Exercise description: Read through the listing, and wherever a line holds the word "Answer", return it.

Provided data:
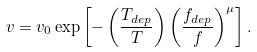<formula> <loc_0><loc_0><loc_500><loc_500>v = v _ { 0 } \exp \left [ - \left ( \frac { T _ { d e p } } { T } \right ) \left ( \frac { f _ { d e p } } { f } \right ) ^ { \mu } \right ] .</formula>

---

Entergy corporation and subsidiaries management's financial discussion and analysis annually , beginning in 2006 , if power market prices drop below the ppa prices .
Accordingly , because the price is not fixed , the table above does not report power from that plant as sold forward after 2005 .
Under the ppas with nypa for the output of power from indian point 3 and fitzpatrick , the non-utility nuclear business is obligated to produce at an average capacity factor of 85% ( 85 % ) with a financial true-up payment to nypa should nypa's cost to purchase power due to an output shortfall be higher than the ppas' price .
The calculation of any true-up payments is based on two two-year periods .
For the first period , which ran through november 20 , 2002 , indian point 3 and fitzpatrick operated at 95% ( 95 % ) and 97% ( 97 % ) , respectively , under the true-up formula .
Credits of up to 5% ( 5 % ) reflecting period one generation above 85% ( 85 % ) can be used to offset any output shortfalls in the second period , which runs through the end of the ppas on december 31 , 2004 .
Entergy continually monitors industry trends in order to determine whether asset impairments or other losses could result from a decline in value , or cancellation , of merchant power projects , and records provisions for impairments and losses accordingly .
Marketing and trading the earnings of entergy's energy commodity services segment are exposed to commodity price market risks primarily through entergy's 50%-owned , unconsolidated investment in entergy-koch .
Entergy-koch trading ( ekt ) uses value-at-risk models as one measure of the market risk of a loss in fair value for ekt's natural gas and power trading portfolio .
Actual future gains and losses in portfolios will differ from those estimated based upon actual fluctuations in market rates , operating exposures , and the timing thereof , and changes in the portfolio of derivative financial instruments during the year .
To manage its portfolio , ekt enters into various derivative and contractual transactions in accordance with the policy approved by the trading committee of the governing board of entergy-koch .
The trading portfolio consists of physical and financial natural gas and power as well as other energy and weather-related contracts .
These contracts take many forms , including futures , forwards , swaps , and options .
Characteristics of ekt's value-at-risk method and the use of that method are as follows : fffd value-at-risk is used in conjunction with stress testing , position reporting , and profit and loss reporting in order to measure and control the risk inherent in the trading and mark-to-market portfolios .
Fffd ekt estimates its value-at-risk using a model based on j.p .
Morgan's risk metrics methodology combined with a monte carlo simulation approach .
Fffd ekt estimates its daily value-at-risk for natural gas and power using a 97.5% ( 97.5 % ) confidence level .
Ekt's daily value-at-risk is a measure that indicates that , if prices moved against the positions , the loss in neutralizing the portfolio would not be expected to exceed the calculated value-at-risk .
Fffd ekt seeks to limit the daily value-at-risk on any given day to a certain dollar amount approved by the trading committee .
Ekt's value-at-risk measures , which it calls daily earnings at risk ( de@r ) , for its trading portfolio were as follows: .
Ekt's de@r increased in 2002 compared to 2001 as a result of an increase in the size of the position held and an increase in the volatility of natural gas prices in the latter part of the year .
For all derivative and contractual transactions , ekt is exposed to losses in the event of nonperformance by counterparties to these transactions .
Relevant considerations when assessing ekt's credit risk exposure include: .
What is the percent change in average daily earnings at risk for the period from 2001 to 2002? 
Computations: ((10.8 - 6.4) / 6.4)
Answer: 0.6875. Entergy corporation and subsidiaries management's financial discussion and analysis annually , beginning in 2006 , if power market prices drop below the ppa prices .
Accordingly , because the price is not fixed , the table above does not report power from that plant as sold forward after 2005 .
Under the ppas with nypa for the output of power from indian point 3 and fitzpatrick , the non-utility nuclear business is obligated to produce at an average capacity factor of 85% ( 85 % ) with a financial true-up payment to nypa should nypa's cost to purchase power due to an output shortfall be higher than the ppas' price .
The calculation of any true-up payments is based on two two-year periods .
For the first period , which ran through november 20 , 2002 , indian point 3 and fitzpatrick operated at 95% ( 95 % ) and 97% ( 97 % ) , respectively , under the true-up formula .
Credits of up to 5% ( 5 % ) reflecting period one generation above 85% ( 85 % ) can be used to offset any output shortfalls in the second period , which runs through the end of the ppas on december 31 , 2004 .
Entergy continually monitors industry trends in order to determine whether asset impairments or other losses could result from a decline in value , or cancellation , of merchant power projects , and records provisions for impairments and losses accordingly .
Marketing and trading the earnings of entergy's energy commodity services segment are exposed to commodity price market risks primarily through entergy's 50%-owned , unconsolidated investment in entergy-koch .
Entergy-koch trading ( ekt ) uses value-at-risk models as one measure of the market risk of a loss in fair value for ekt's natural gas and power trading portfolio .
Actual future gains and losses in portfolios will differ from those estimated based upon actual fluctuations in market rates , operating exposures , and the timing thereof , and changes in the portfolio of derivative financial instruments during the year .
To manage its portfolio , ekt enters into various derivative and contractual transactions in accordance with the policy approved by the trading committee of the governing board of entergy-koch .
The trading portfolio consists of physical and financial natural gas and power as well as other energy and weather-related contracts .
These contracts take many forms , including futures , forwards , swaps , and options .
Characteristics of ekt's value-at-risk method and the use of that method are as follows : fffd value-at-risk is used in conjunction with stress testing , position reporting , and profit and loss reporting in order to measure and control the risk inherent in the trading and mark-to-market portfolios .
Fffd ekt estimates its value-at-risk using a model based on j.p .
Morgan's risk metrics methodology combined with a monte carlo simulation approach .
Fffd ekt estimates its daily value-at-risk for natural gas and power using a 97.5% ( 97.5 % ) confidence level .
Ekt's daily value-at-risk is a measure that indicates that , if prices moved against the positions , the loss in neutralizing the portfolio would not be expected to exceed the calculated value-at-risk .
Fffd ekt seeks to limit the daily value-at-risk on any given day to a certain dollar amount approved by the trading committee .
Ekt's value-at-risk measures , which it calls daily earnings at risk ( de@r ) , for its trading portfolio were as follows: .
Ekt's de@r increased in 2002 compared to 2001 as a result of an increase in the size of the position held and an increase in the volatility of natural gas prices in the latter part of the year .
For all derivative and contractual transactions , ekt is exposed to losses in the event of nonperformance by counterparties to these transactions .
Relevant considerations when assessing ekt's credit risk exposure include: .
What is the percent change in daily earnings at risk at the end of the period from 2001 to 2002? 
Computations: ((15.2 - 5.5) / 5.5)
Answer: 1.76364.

Result of this task:
Answer: 0.6875. Entergy corporation and subsidiaries management's financial discussion and analysis annually , beginning in 2006 , if power market prices drop below the ppa prices .
Answer: 1.76364.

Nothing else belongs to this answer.